Auf dem Weg unternehmen die Wissenschaftler immer wieder Ausflüge in die Natur, nehmen Gesteinsproben, sammeln Pflanzen und vermessen die Landschaft. Dabei erfreuen sich die drei immer wieder an dem Honig der Bauern, der ihnen „in einer eigentümlichen Verbindung mit frischen Gurken“ serviert wird.

So fährt die Gruppe am Altai-Gebirge entlang. Sie sind begeistert von dem schneebedeckten Gebirge und den Kräutern, „die eine solche Höhe hatten, und so gedrängt nebeneinander standen, dass sie uns ueber dem Kopf zusammenschlugen und wir uns nicht erkennen konnten, wenn wir auch nur wenige Schritte voneinander gingen.“

Mitte August kommen sie in Ust-Kamenogorsk an, einer damals “unansehnlichen” Stadt, bestehend aus einigen Straßen mit hölzernen Häusern und knapp 2.000 Einwohnern. Hier lassen die drei Herren ihre Kutschen stehen, um mit einem kleineren Wagen weiterzufahren, flussaufwärts entlang des Irtysch.

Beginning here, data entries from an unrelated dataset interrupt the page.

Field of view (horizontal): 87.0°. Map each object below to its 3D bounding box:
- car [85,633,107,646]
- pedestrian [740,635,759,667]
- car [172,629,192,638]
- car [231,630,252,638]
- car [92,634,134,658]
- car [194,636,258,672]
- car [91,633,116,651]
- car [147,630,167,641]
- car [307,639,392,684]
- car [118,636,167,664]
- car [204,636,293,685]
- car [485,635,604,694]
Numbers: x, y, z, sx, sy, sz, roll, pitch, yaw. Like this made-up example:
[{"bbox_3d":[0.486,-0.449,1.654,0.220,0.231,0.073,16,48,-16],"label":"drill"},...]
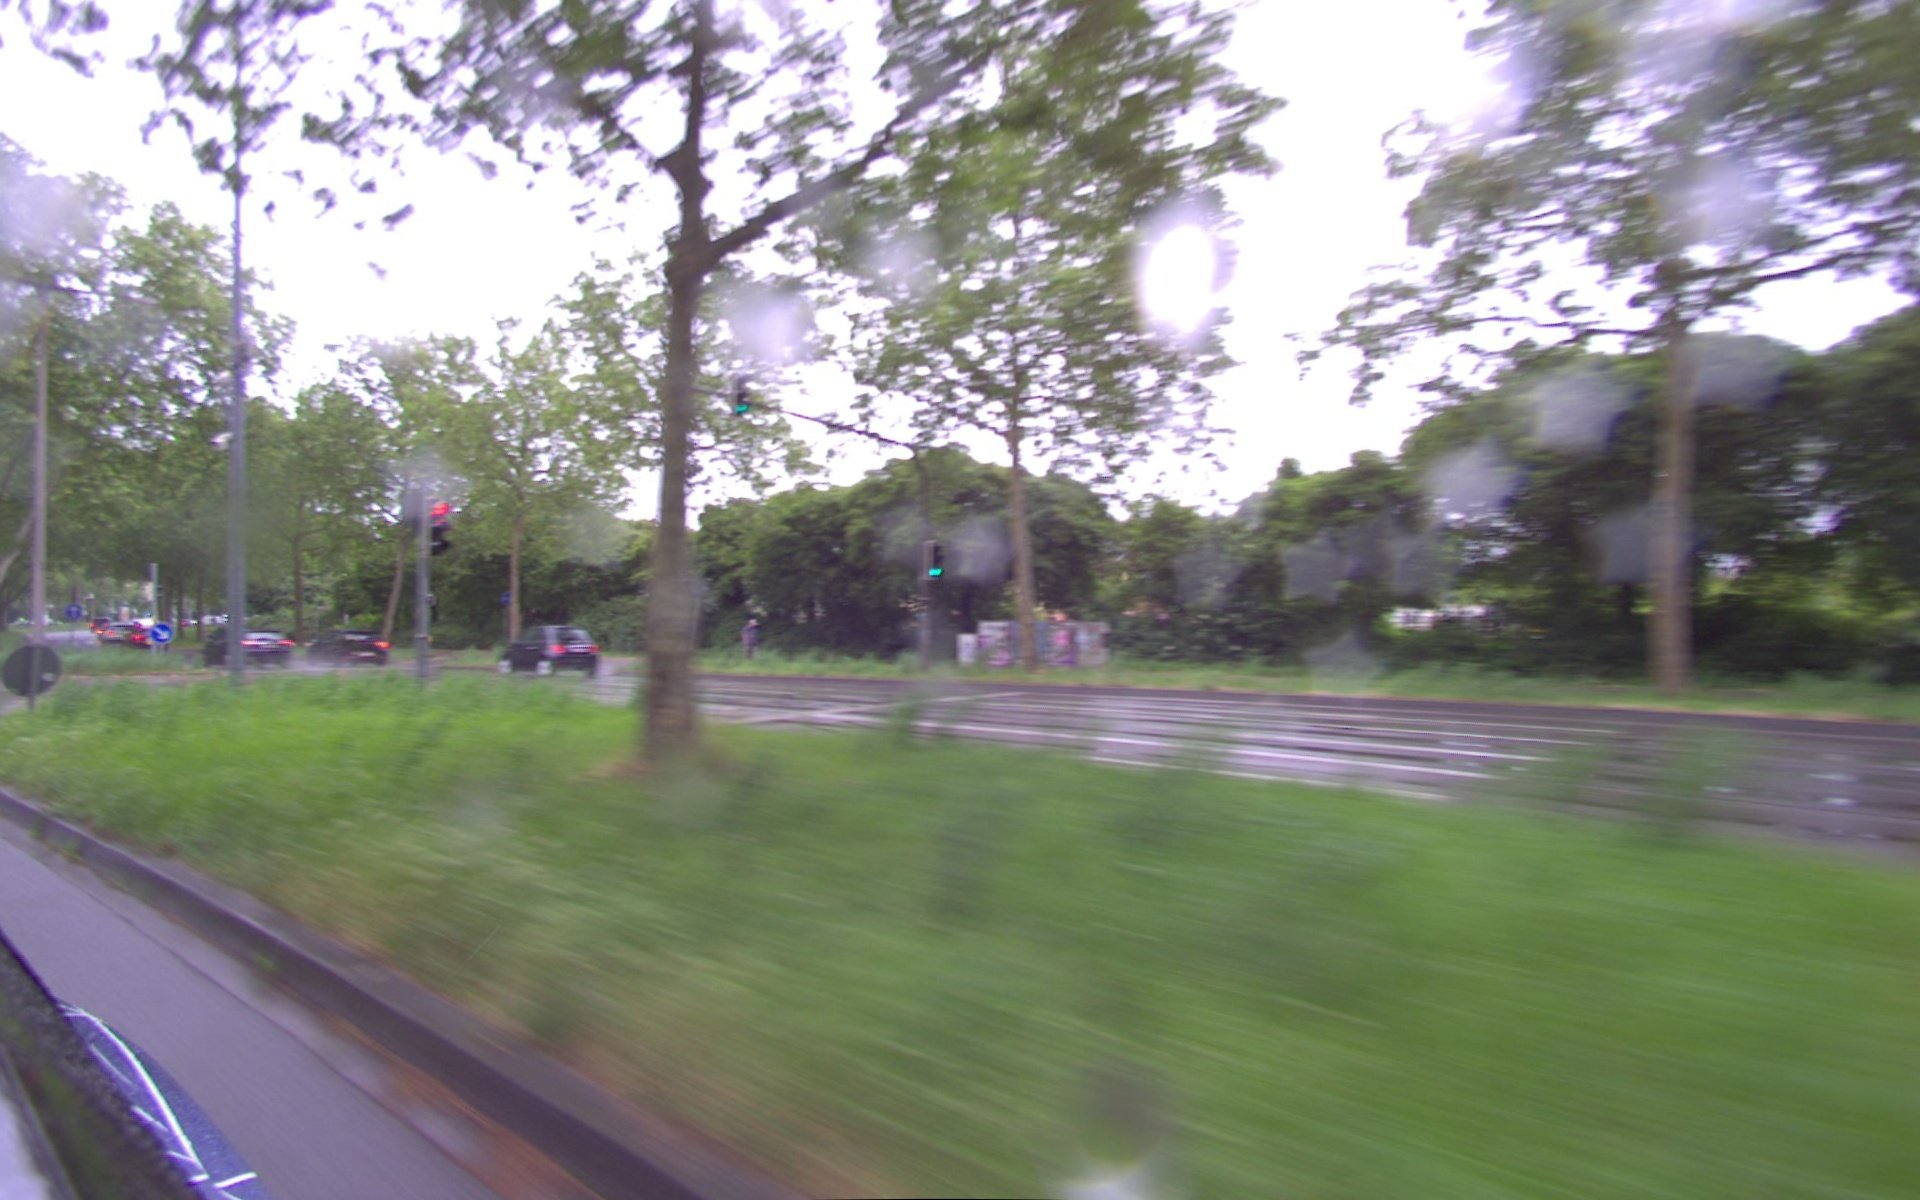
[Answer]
[{"bbox_3d":[-107.473,4.910,125.879,1.756,1.567,4.009,0,-1,-37],"label":"car"},{"bbox_3d":[-7.257,1.750,34.830,0.469,1.048,0.442,1,-2,-44],"label":"pedestrian"},{"bbox_3d":[-133.458,5.752,173.553,1.754,1.567,4.013,0,-1,-24],"label":"car"},{"bbox_3d":[-138.276,6.518,194.893,1.756,1.567,4.008,0,-1,-10],"label":"car"},{"bbox_3d":[-59.635,3.221,71.252,4.000,1.567,1.760,-1,-1,43],"label":"car"},{"bbox_3d":[-35.178,2.564,48.490,4.000,1.567,1.760,-1,-1,43],"label":"car"},{"bbox_3d":[-78.572,3.832,92.818,1.757,1.567,4.006,0,-1,-41],"label":"car"},{"bbox_3d":[-128.785,5.693,162.292,1.754,1.567,4.013,0,-1,-28],"label":"car"},{"bbox_3d":[-23.374,2.308,38.694,4.000,1.567,1.760,-1,-1,43],"label":"car"},{"bbox_3d":[-49.615,2.981,61.369,4.000,1.567,1.760,-1,-1,43],"label":"car"},{"bbox_3d":[-24.910,2.069,35.407,4.000,1.567,1.760,-1,-1,43],"label":"car"},{"bbox_3d":[-12.344,1.857,29.983,4.000,1.567,1.760,-1,-1,43],"label":"car"}]

Auf einen Tee am Rande Chinas

Die Gruppe will weiter in das Altai-Gebirge vordringen. Bis zu dem Berg Buchtarma zieht es sie, dem höchsten Berg Sibiriens (4.375 Meter, heute an der russisch-kasachischen Grenze). Jedoch naht der Winter, und es ist zu unsicher, tiefer in das Altai-Gebirge vorzudringen. Deshalb folgen sie weiter dem Irtysch, bis zum chinesischen Grenzposten Baty.

An der Grenze angekommen, empfängt sie ein chinesischer Beamter. Der “hagere Mann” ist gekleidet in “blaue seidene Überröcke”, “mit der bekannten spitzen, umgekrempelten Mütze” und verziert mit “Pfauenfedern”, beschreibt Rose in seinem Reisebericht. Mit Handzeichen fordert der Beamte seine Gäste auf, ihm zu folgen.

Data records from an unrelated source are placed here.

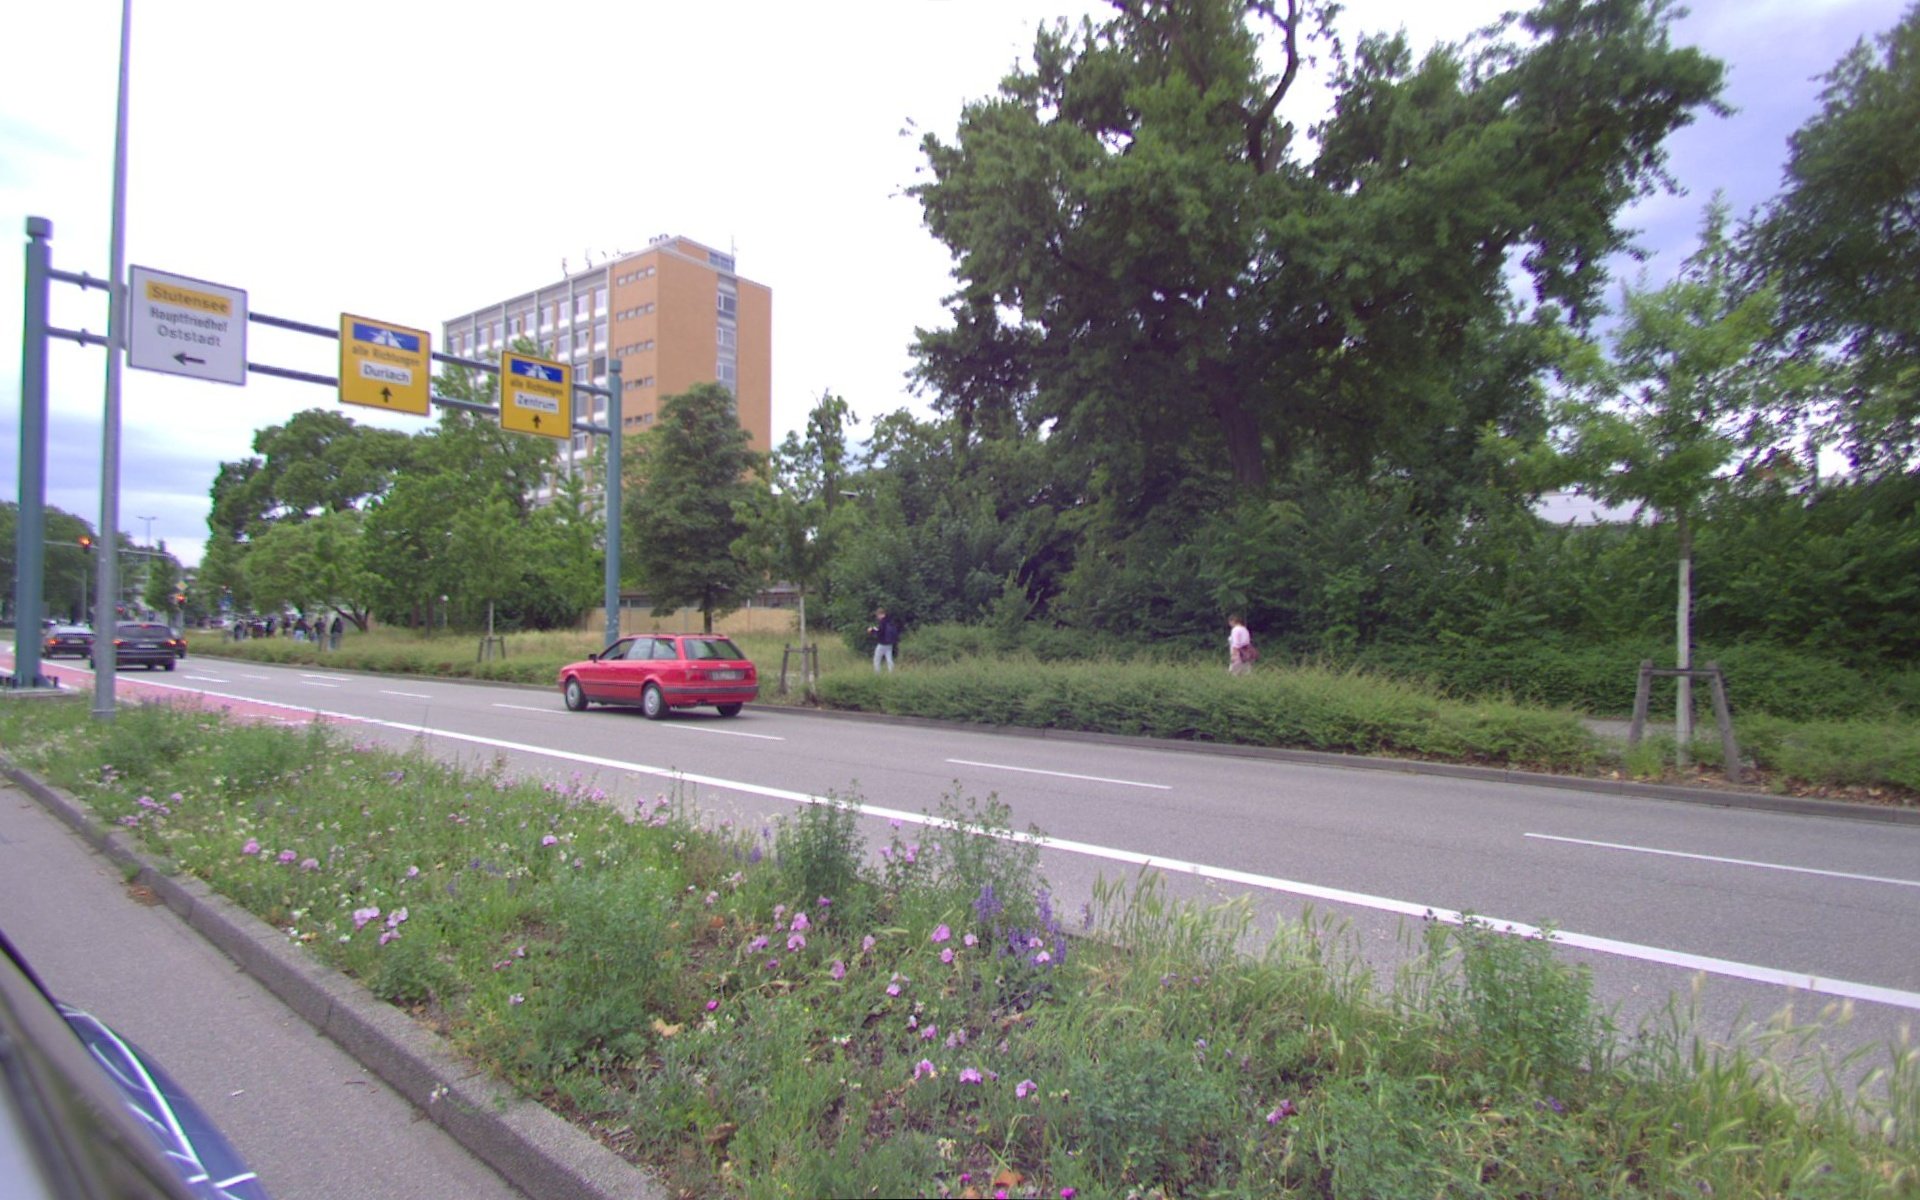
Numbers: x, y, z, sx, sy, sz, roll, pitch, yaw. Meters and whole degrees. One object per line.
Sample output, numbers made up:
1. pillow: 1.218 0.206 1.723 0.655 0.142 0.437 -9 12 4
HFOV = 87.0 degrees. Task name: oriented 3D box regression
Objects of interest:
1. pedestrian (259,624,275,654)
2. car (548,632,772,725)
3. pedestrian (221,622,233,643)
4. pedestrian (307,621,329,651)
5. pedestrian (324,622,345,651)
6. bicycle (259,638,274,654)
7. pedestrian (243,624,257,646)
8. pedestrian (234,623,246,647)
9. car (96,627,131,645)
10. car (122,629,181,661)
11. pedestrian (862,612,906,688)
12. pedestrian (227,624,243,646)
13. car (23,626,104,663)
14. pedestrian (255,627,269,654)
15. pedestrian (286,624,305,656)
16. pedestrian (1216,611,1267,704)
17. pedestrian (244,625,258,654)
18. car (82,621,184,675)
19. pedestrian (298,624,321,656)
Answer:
1. pedestrian: -39.342 2.217 57.472 0.652 1.644 0.765 3 -4 -34
2. car: -5.322 1.288 17.676 4.292 1.429 1.696 -2 -3 41
3. pedestrian: -59.114 2.589 81.616 0.890 1.683 0.698 -2 -1 44
4. pedestrian: -30.546 1.716 48.164 0.711 1.368 0.638 -2 -4 40
5. pedestrian: -30.084 1.760 48.681 0.680 1.373 0.638 -2 -4 39
6. bicycle: -39.346 2.612 57.452 0.652 0.894 1.719 3 -3 -34
7. pedestrian: -49.278 2.442 70.272 0.762 1.491 0.628 -2 -4 44
8. pedestrian: -55.390 2.680 77.865 0.762 1.815 0.630 -2 -3 44
9. car: -85.851 3.630 102.692 1.785 1.680 3.962 2 -2 -27
10. car: -36.831 2.028 46.099 3.809 1.391 1.589 -2 -4 44
11. pedestrian: -1.775 1.168 23.762 0.818 1.742 0.613 -2 -4 41
12. pedestrian: -49.746 2.390 69.425 0.813 1.491 0.720 -2 -4 44
13. car: -38.526 1.881 43.448 4.785 1.471 1.747 -1 -4 38
14. pedestrian: -44.451 2.580 64.437 0.570 1.725 0.764 2 -3 -27
15. pedestrian: -34.808 2.086 53.004 0.719 1.673 0.580 -1 -4 35
16. pedestrian: 5.113 1.041 18.373 0.671 1.648 0.693 -2 -4 41
17. pedestrian: -39.955 2.236 57.061 0.567 1.621 0.618 3 -4 -33
18. car: -27.913 1.598 34.120 4.397 1.677 1.900 -1 -3 41
19. pedestrian: -34.424 2.116 53.560 0.766 1.685 0.700 -1 -4 35

In einer Jurte unterhalten sich die Reisenden und der Grenzbeamte mittels einer Hand voll Dolmetscher – von deutsch zu russisch, von russisch zu mongolisch, von mongolisch zu chinesisch, und zurück. Gemeinsam rauchen sie Pfeife und trinken Tee – hier “ohne Milch und Zucker”, wie Rose feststellt.

Nach kurzer Zeit überreichen sich beide Seiten gegenseitig Geschenke. Der chinesische Beamte bekommt von den Reisenden einen Bleistift (damals in Asien selten) und Tabak. Im Gegenzug will er Humboldt ein Seidentuch schenken. Dieser lehnt jedoch ein “so großes Geschenk” ab und schiebt es dem Beamten wieder zu. Das Stück Seide wird noch ein paar mal hin- und hergeschoben, bis man sich stattdessen auf ein chinesisches Buch als das bessere Geschenk einigt. Humboldt bekommt “Die Geschichte der drei Reiche”, einen Klassiker der chinesischen Literatur, den er seinem Bruder Wilhelm von der Reise mitbringt.

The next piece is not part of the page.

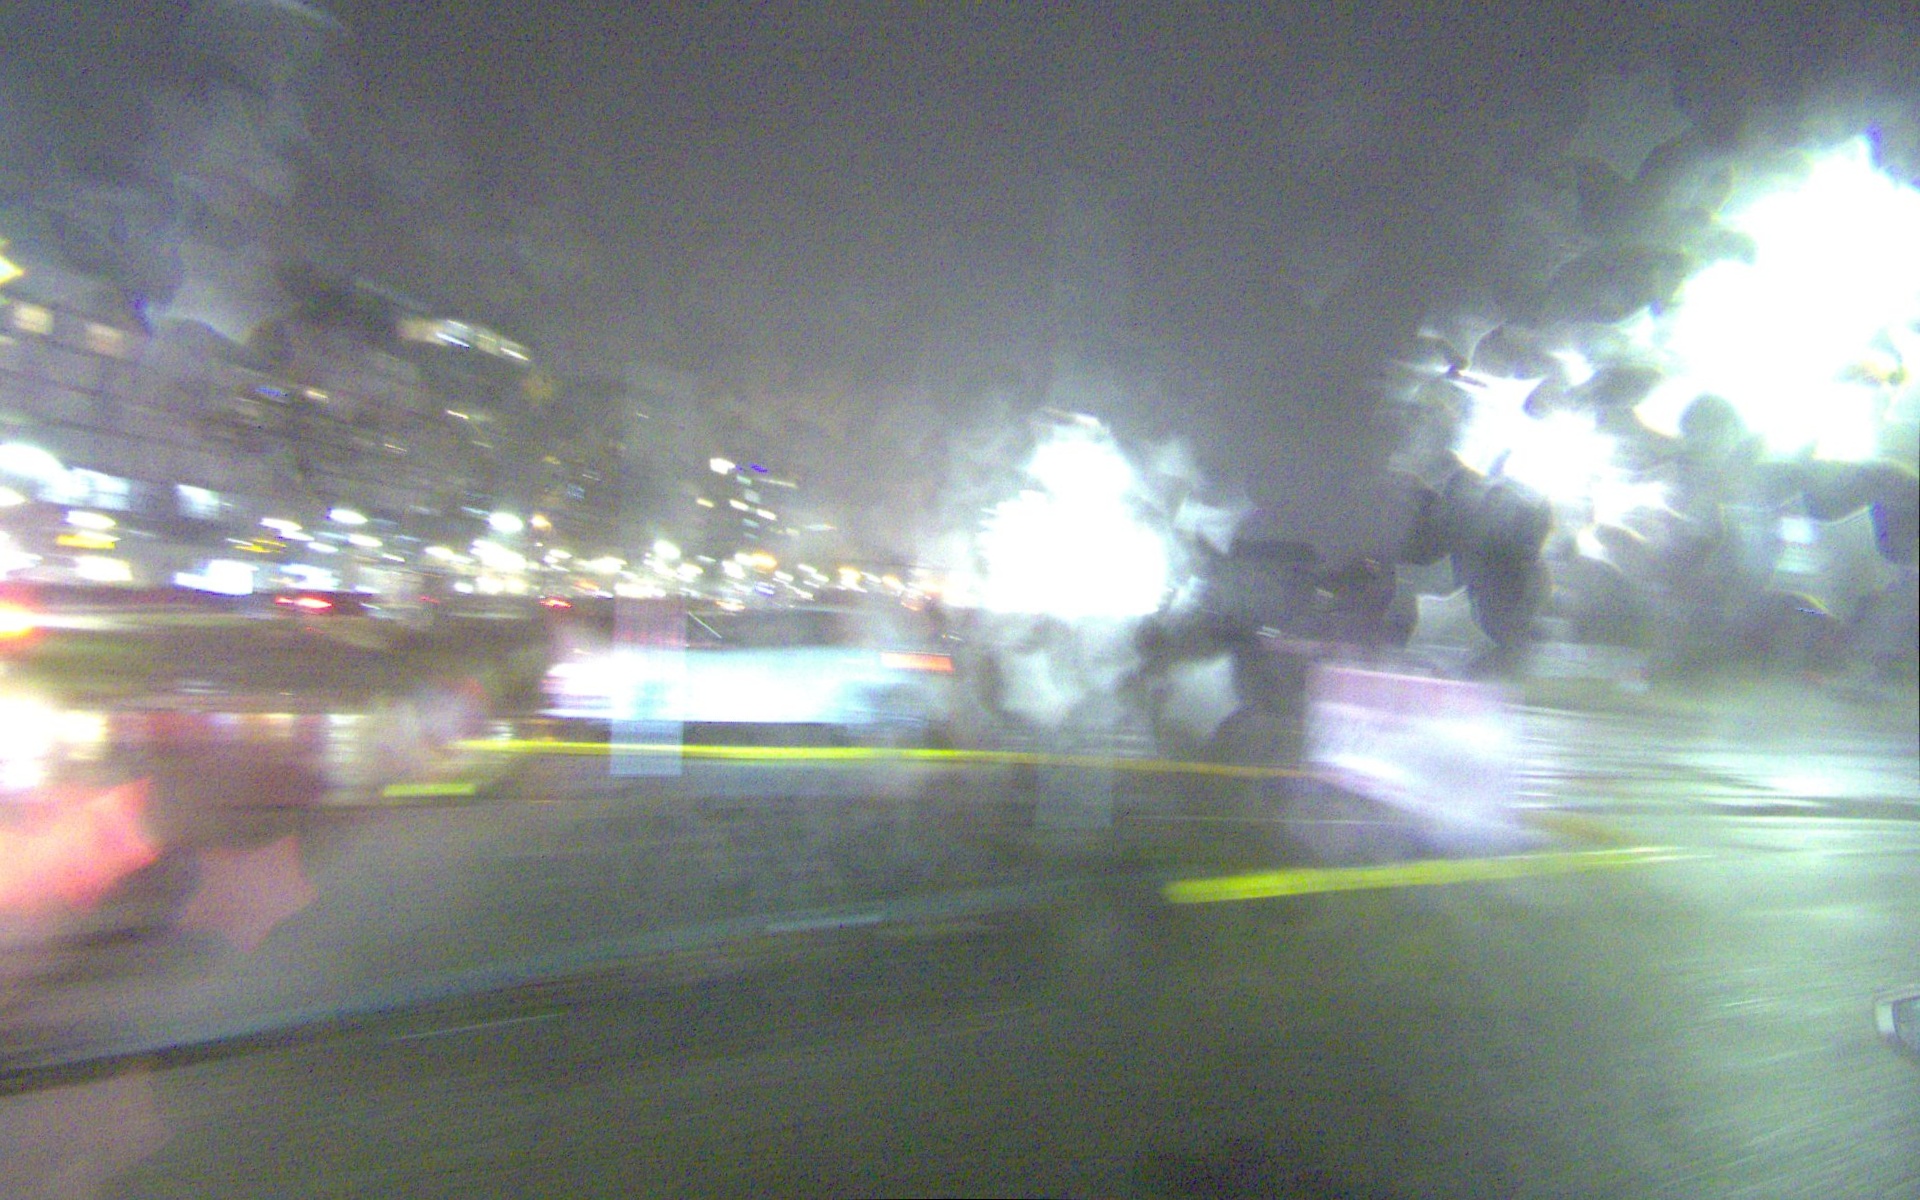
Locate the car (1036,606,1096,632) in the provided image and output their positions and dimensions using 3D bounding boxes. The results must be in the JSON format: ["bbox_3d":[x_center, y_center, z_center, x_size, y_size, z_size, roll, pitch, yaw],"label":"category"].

Nachdem die drei Deutschen noch ein wenig die Gegend erkunden, machen sie sich wieder auf den Rückweg. Mit Booten fahren sie den Irtysch-Fluss hinunter. Nach ein paar Tagen treffen die Reisenden wieder in Ust-Kamenogorsk ein, von wo sie sich auf den Heimweg machen.

Einmal hin und wieder zurück

Der Grenzposten Baty bleibt der äußerste Punkt von Humboldts Reise. Damals zwischen dem russischen und dem chinesischen Imperium gelegen, ist die Stadt mittlerweile von der Landkarte verschwunden. Heute findet man an der Stelle den Buchtarma-Stausee, auf dessen Grund die ehemalige Grenzstadt liegt.

Im November 1829 kommt die Reisegruppe wieder in St. Petersburg an. Insgesamt dauerte die Expedition acht Monate und umfasste eine Strecke von über 15.000 Kilometern. In ihre Berichte schreiben die Wissenschaftler jedoch wenig von den Strapazen der Reise.

In einem Brief an seinen Bruder Wilhelm resümiert Alexander von Humboldt: “Eine Sibirische Reise ist nicht entzückend wie eine Südamerikanische, aber man hat das Gefühl etwas Nützliches unternommen und eine grosse Länderstrecke durchreist zu haben.”